Théâtre de l’Aquarium
La Cartoucherie
Route du Champ de Manœuvre
75012 Paris
01 43 74 72 74

Jusqu’au 14 avril 2019
du mardi au samedi à 20h, le dimanche à 16h

 

Les Chaises loupePhoto @ Regis-Durand De Girard

Les journaux empilés, les journaux arrangés dans le premier tiroir, les journaux remis sur la pile. Le rictus du vieux qui fait, défait pour tenter de remplir le vide, le tonneau des danaïdes. Tout est dit, le spectacle mis en scène par Bernard Levy commence à peine.

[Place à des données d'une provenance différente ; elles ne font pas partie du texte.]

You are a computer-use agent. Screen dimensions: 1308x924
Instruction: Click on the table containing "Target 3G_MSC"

Est-ce un délire ? Un adieu préparé à leur existence ? Le vieux a un message à délivrer, les invités se pressent, les chaises s’accumulent, tous vont venir, le colonel, le premier amour, les jumeaux, tous. Ils font tomber une chaise, ils rient, ils savent qu’il n’y a personne. Là, Thierry Bosc et Emmanuelle Grangé sont à leur apogée. Le rire pour lutter contre la nature tragique de la vie. Sémiramis, la vieille, ne cesse de répéter au vieux : « Tu aurais pu être cela si tu avais eu plus d’ambition. » Est-ce le bilan d’une vie de petites gens ?

Les spectateurs ne voient pas deux personnages en fin de vie qui se remémorent des souvenirs. Ionesco va plus loin, derrière chaque phrase, nous ressentons l’abysse, le vide. Il faut avoir l’humilité de la durée limitée, nous sommes de passage, tout est construction mentale. Paris n’existe pas, la ville lumière n’a peut-être jamais existé. La direction de Bernard Levy et l’incarnation juste, sensible des deux comédiens font surgir toutes les subtilités, méandres du dramaturge. Son message est universel, ce n’est pas l’âge mais l’essence de l’existence que nous contemplons. Les icônes sont désincarnées, le colonel, le président, les journalistes. Ne cherchons-nous pas tous à laisser une trace, un message au monde ? Ils n’ont pas eu d’enfant, n’ont pas eu d’ambition. Est-ce que cela aurait suffi à rendre leur vie digne ?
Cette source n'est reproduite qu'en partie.